*** Opening Data provided ***

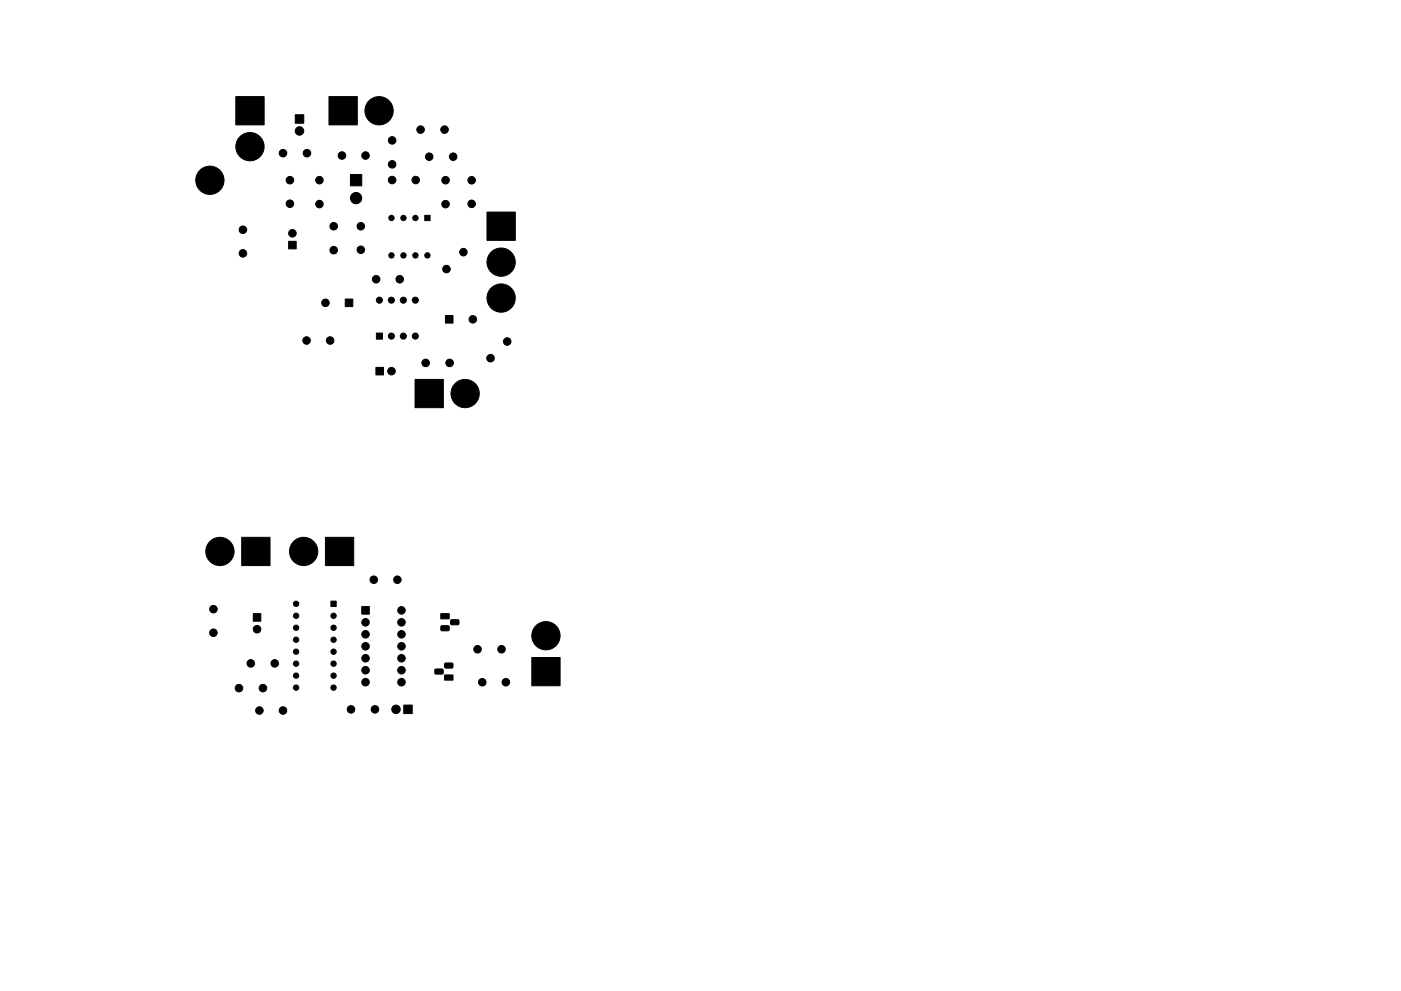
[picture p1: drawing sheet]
<svg xmlns="http://www.w3.org/2000/svg" width="297mm" height="210mm" viewBox="0 0 297 210" stroke-linecap="round" stroke-linejoin="round" font-family="sans-serif">
<g fill="#000" stroke="#000" stroke-width=".21">
<path d="M50 20.5h6v6h-6zM62.6 24.3h1.8v1.8h-1.8zM69.8 20.5h5.9v6h-5.9zM74.3 37h2.4v2.4h-2.4zM61.2 51.2h1.6v1.6h-1.6zM90.1 45.7h1.1v1.1h-1.1zM103.3 45h5.9v6h-5.9zM73.2 63.4h1.6v1.6h-1.6zM79.7 77.9h1.6v1.6h-1.6zM79.8 70.7h1.3v1.3h-1.3zM94.4 66.9h1.7v1.6h-1.7zM88 80.5h6v6h-6z"/>
<path d="M51.3 114h5.9v6h-5.9zM69 114h6v6h-6zM53.7 130.2h1.6v1.6h-1.6zM70.2 127.5h1.1v1.2h-1.1zM76.7 128.7h1.6v1.6h-1.6zM93.4 130.2h1.8v1.1h-1.8zM93.5 132.8h1.6l.1 .2v.7l-.2 .1h-1.4l-.1-.2zM95.6 131.5h1.6l.1 .2v.7l-.2 .2-1.4-.1-.2-.2zM85.6 149.6h1.8v1.8h-1.8zM92.3 142h1.5l.2 .2-.1 .7-.2 .1h-1.4l-.1-.2zM94.3 140.7h1.6l.1 .2v.7l-.2 .2-1.4-.1-.1-.2zM94.3 143.2h1.8v1.1h-1.8z"/>
<path d="M112.8 139.5h5.9v6h-5.9z"/>
<circle cx="44.5" cy="38.2" r="3"/>
<circle cx="53" cy="31.1" r="3"/>
<circle cx="60" cy="32.5" r=".8"/>
<circle cx="61.5" cy="38.2" r=".8"/>
<circle cx="63.5" cy="27.8" r=".9"/>
<circle cx="65.1" cy="32.5" r=".8"/>
<circle cx="67.7" cy="38.2" r=".8"/>
<circle cx="72.5" cy="33" r=".8"/>
<circle cx="77.5" cy="33" r=".8"/>
<circle cx="80.4" cy="23.5" r="3"/>
<circle cx="83.1" cy="38.2" r=".8"/>
<circle cx="83.1" cy="29.8" r=".8"/>
<circle cx="83.1" cy="34.9" r=".8"/>
<circle cx="88.1" cy="38.2" r=".8"/>
<circle cx="89.2" cy="27.5" r=".8"/>
<circle cx="91" cy="33.2" r=".8"/>
<circle cx="94.2" cy="27.5" r=".8"/>
<circle cx="94.5" cy="38.2" r=".8"/>
<circle cx="96.1" cy="33.2" r=".8"/>
<circle cx="100" cy="38.2" r=".8"/>
<circle cx="51.5" cy="48.7" r=".8"/>
<circle cx="51.5" cy="53.7" r=".8"/>
<circle cx="61.5" cy="43.2" r=".8"/>
<circle cx="62" cy="49.5" r=".8"/>
<circle cx="67.7" cy="43.3" r=".8"/>
<circle cx="70.7" cy="53.1" r=".8"/>
<circle cx="70.7" cy="48" r=".8"/>
<circle cx="75.5" cy="42" r="1.2"/>
<circle cx="76.5" cy="53" r=".8"/>
<circle cx="76.5" cy="48" r=".8"/>
<circle cx="79.7" cy="59.2" r=".8"/>
<circle cx="83" cy="54.2" r=".57"/>
<circle cx="83" cy="46.2" r=".57"/>
<circle cx="84.7" cy="59.2" r=".8"/>
<circle cx="85.5" cy="54.2" r=".57"/>
<circle cx="85.5" cy="46.2" r=".57"/>
<circle cx="88.1" cy="46.2" r=".57"/>
<circle cx="88.1" cy="54.2" r=".57"/>
<circle cx="90.6" cy="54.2" r=".57"/>
<circle cx="94.5" cy="43.3" r=".8"/>
<circle cx="94.7" cy="57.1" r=".8"/>
<circle cx="98.2" cy="53.5" r=".8"/>
<circle cx="100" cy="43.2" r=".8"/>
<circle cx="106.2" cy="55.6" r="3"/>
<circle cx="65" cy="72.2" r=".8"/>
<circle cx="69" cy="64.2" r=".8"/>
<circle cx="70" cy="72.2" r=".8"/>
<circle cx="80.4" cy="63.7" r=".64"/>
<circle cx="83" cy="71.3" r=".64"/>
<circle cx="83" cy="63.7" r=".64"/>
<circle cx="83" cy="78.7" r=".8"/>
<circle cx="85.5" cy="63.7" r=".64"/>
<circle cx="85.5" cy="71.3" r=".64"/>
<circle cx="88.1" cy="71.3" r=".64"/>
<circle cx="88.1" cy="63.7" r=".64"/>
<circle cx="90.2" cy="77" r=".8"/>
<circle cx="95.3" cy="77" r=".8"/>
<circle cx="100.2" cy="67.7" r=".8"/>
<circle cx="104" cy="76" r=".8"/>
<circle cx="106.2" cy="63.2" r="3"/>
<circle cx="107.5" cy="72.5" r=".8"/>
<circle cx="98.6" cy="83.5" r="3"/>
<circle cx="46.6" cy="117" r="3"/>
<circle cx="64.4" cy="117" r="3"/>
<circle cx="45.3" cy="129.2" r=".8"/>
<circle cx="45.3" cy="134.2" r=".8"/>
<circle cx="54.5" cy="133.5" r=".8"/>
<circle cx="62.8" cy="138.3" r=".56"/>
<circle cx="62.8" cy="128.1" r=".56"/>
<circle cx="62.8" cy="133.2" r=".56"/>
<circle cx="62.8" cy="130.6" r=".56"/>
<circle cx="62.8" cy="135.7" r=".56"/>
<circle cx="70.7" cy="138.3" r=".56"/>
<circle cx="70.7" cy="135.7" r=".56"/>
<circle cx="70.7" cy="130.6" r=".56"/>
<circle cx="70.7" cy="133.2" r=".56"/>
<circle cx="77.5" cy="137.1" r=".8"/>
<circle cx="77.5" cy="134.6" r=".8"/>
<circle cx="77.5" cy="139.7" r=".8"/>
<circle cx="77.5" cy="132" r=".8"/>
<circle cx="79.2" cy="123" r=".8"/>
<circle cx="84.2" cy="123" r=".8"/>
<circle cx="85.1" cy="134.6" r=".8"/>
<circle cx="85.1" cy="139.7" r=".8"/>
<circle cx="85.1" cy="137.1" r=".8"/>
<circle cx="85.1" cy="132" r=".8"/>
<circle cx="85.1" cy="129.5" r=".8"/>
<circle cx="101.2" cy="137.7" r=".8"/>
<circle cx="106.3" cy="137.7" r=".8"/>
<circle cx="115.7" cy="134.9" r="3"/>
<circle cx="50.7" cy="146" r=".8"/>
<circle cx="53.2" cy="140.7" r=".8"/>
<circle cx="55" cy="150.7" r=".8"/>
<circle cx="55.8" cy="146" r=".8"/>
<circle cx="58.2" cy="140.7" r=".8"/>
<circle cx="60" cy="150.7" r=".8"/>
<circle cx="62.8" cy="140.8" r=".56"/>
<circle cx="62.8" cy="143.3" r=".56"/>
<circle cx="62.8" cy="145.9" r=".56"/>
<circle cx="70.7" cy="140.8" r=".56"/>
<circle cx="70.7" cy="145.9" r=".56"/>
<circle cx="70.7" cy="143.3" r=".56"/>
<circle cx="74.4" cy="150.5" r=".8"/>
<circle cx="77.5" cy="144.7" r=".8"/>
<circle cx="77.5" cy="142.2" r=".8"/>
<circle cx="79.5" cy="150.5" r=".8"/>
<circle cx="84" cy="150.5" r=".9"/>
<circle cx="85.1" cy="144.7" r=".8"/>
<circle cx="85.1" cy="142.2" r=".8"/>
<circle cx="102.2" cy="144.7" r=".8"/>
<circle cx="107.2" cy="144.7" r=".8"/>
</g>
</svg>

*** Closing Data provided ***

■ Problem statement:
Retype the data shown above exactly, excluding any picture it contains.

■ Response area:
[picture p1: drawing sheet]
<svg xmlns="http://www.w3.org/2000/svg" width="297mm" height="210mm" viewBox="0 0 297 210" stroke-linecap="round" stroke-linejoin="round" font-family="sans-serif">
<g fill="#000" stroke="#000" stroke-width=".21">
<path d="M50 20.5h6v6h-6zM62.6 24.3h1.8v1.8h-1.8zM69.8 20.5h5.9v6h-5.9zM74.3 37h2.4v2.4h-2.4zM61.2 51.2h1.6v1.6h-1.6zM90.1 45.7h1.1v1.1h-1.1zM103.3 45h5.9v6h-5.9zM73.2 63.4h1.6v1.6h-1.6zM79.7 77.9h1.6v1.6h-1.6zM79.8 70.7h1.3v1.3h-1.3zM94.4 66.9h1.7v1.6h-1.7zM88 80.5h6v6h-6z"/>
<path d="M51.3 114h5.9v6h-5.9zM69 114h6v6h-6zM53.7 130.2h1.6v1.6h-1.6zM70.2 127.5h1.1v1.2h-1.1zM76.7 128.7h1.6v1.6h-1.6zM93.4 130.2h1.8v1.1h-1.8zM93.5 132.8h1.6l.1 .2v.7l-.2 .1h-1.4l-.1-.2zM95.6 131.5h1.6l.1 .2v.7l-.2 .2-1.4-.1-.2-.2zM85.6 149.6h1.8v1.8h-1.8zM92.3 142h1.5l.2 .2-.1 .7-.2 .1h-1.4l-.1-.2zM94.3 140.7h1.6l.1 .2v.7l-.2 .2-1.4-.1-.1-.2zM94.3 143.2h1.8v1.1h-1.8z"/>
<path d="M112.8 139.5h5.9v6h-5.9z"/>
<circle cx="44.5" cy="38.2" r="3"/>
<circle cx="53" cy="31.1" r="3"/>
<circle cx="60" cy="32.5" r=".8"/>
<circle cx="61.5" cy="38.2" r=".8"/>
<circle cx="63.5" cy="27.8" r=".9"/>
<circle cx="65.1" cy="32.5" r=".8"/>
<circle cx="67.7" cy="38.2" r=".8"/>
<circle cx="72.5" cy="33" r=".8"/>
<circle cx="77.5" cy="33" r=".8"/>
<circle cx="80.4" cy="23.5" r="3"/>
<circle cx="83.1" cy="38.2" r=".8"/>
<circle cx="83.1" cy="29.8" r=".8"/>
<circle cx="83.1" cy="34.9" r=".8"/>
<circle cx="88.1" cy="38.2" r=".8"/>
<circle cx="89.2" cy="27.5" r=".8"/>
<circle cx="91" cy="33.2" r=".8"/>
<circle cx="94.2" cy="27.5" r=".8"/>
<circle cx="94.5" cy="38.2" r=".8"/>
<circle cx="96.1" cy="33.2" r=".8"/>
<circle cx="100" cy="38.2" r=".8"/>
<circle cx="51.5" cy="48.7" r=".8"/>
<circle cx="51.5" cy="53.7" r=".8"/>
<circle cx="61.5" cy="43.2" r=".8"/>
<circle cx="62" cy="49.5" r=".8"/>
<circle cx="67.7" cy="43.3" r=".8"/>
<circle cx="70.7" cy="53.1" r=".8"/>
<circle cx="70.7" cy="48" r=".8"/>
<circle cx="75.5" cy="42" r="1.2"/>
<circle cx="76.5" cy="53" r=".8"/>
<circle cx="76.5" cy="48" r=".8"/>
<circle cx="79.7" cy="59.2" r=".8"/>
<circle cx="83" cy="54.2" r=".57"/>
<circle cx="83" cy="46.2" r=".57"/>
<circle cx="84.7" cy="59.2" r=".8"/>
<circle cx="85.5" cy="54.2" r=".57"/>
<circle cx="85.5" cy="46.2" r=".57"/>
<circle cx="88.1" cy="46.2" r=".57"/>
<circle cx="88.1" cy="54.2" r=".57"/>
<circle cx="90.6" cy="54.2" r=".57"/>
<circle cx="94.5" cy="43.3" r=".8"/>
<circle cx="94.7" cy="57.1" r=".8"/>
<circle cx="98.2" cy="53.5" r=".8"/>
<circle cx="100" cy="43.2" r=".8"/>
<circle cx="106.2" cy="55.6" r="3"/>
<circle cx="65" cy="72.2" r=".8"/>
<circle cx="69" cy="64.2" r=".8"/>
<circle cx="70" cy="72.2" r=".8"/>
<circle cx="80.4" cy="63.7" r=".64"/>
<circle cx="83" cy="71.3" r=".64"/>
<circle cx="83" cy="63.7" r=".64"/>
<circle cx="83" cy="78.7" r=".8"/>
<circle cx="85.5" cy="63.7" r=".64"/>
<circle cx="85.5" cy="71.3" r=".64"/>
<circle cx="88.1" cy="71.3" r=".64"/>
<circle cx="88.1" cy="63.7" r=".64"/>
<circle cx="90.2" cy="77" r=".8"/>
<circle cx="95.3" cy="77" r=".8"/>
<circle cx="100.2" cy="67.7" r=".8"/>
<circle cx="104" cy="76" r=".8"/>
<circle cx="106.2" cy="63.2" r="3"/>
<circle cx="107.5" cy="72.5" r=".8"/>
<circle cx="98.6" cy="83.5" r="3"/>
<circle cx="46.6" cy="117" r="3"/>
<circle cx="64.4" cy="117" r="3"/>
<circle cx="45.3" cy="129.2" r=".8"/>
<circle cx="45.3" cy="134.2" r=".8"/>
<circle cx="54.5" cy="133.5" r=".8"/>
<circle cx="62.8" cy="138.3" r=".56"/>
<circle cx="62.8" cy="128.1" r=".56"/>
<circle cx="62.8" cy="133.2" r=".56"/>
<circle cx="62.8" cy="130.6" r=".56"/>
<circle cx="62.8" cy="135.7" r=".56"/>
<circle cx="70.7" cy="138.3" r=".56"/>
<circle cx="70.7" cy="135.7" r=".56"/>
<circle cx="70.7" cy="130.6" r=".56"/>
<circle cx="70.7" cy="133.2" r=".56"/>
<circle cx="77.5" cy="137.1" r=".8"/>
<circle cx="77.5" cy="134.6" r=".8"/>
<circle cx="77.5" cy="139.7" r=".8"/>
<circle cx="77.5" cy="132" r=".8"/>
<circle cx="79.2" cy="123" r=".8"/>
<circle cx="84.2" cy="123" r=".8"/>
<circle cx="85.1" cy="134.6" r=".8"/>
<circle cx="85.1" cy="139.7" r=".8"/>
<circle cx="85.1" cy="137.1" r=".8"/>
<circle cx="85.1" cy="132" r=".8"/>
<circle cx="85.1" cy="129.5" r=".8"/>
<circle cx="101.2" cy="137.7" r=".8"/>
<circle cx="106.3" cy="137.7" r=".8"/>
<circle cx="115.7" cy="134.9" r="3"/>
<circle cx="50.7" cy="146" r=".8"/>
<circle cx="53.2" cy="140.7" r=".8"/>
<circle cx="55" cy="150.7" r=".8"/>
<circle cx="55.8" cy="146" r=".8"/>
<circle cx="58.2" cy="140.7" r=".8"/>
<circle cx="60" cy="150.7" r=".8"/>
<circle cx="62.8" cy="140.8" r=".56"/>
<circle cx="62.8" cy="143.3" r=".56"/>
<circle cx="62.8" cy="145.9" r=".56"/>
<circle cx="70.7" cy="140.8" r=".56"/>
<circle cx="70.7" cy="145.9" r=".56"/>
<circle cx="70.7" cy="143.3" r=".56"/>
<circle cx="74.4" cy="150.5" r=".8"/>
<circle cx="77.5" cy="144.7" r=".8"/>
<circle cx="77.5" cy="142.2" r=".8"/>
<circle cx="79.5" cy="150.5" r=".8"/>
<circle cx="84" cy="150.5" r=".9"/>
<circle cx="85.1" cy="144.7" r=".8"/>
<circle cx="85.1" cy="142.2" r=".8"/>
<circle cx="102.2" cy="144.7" r=".8"/>
<circle cx="107.2" cy="144.7" r=".8"/>
</g>
</svg>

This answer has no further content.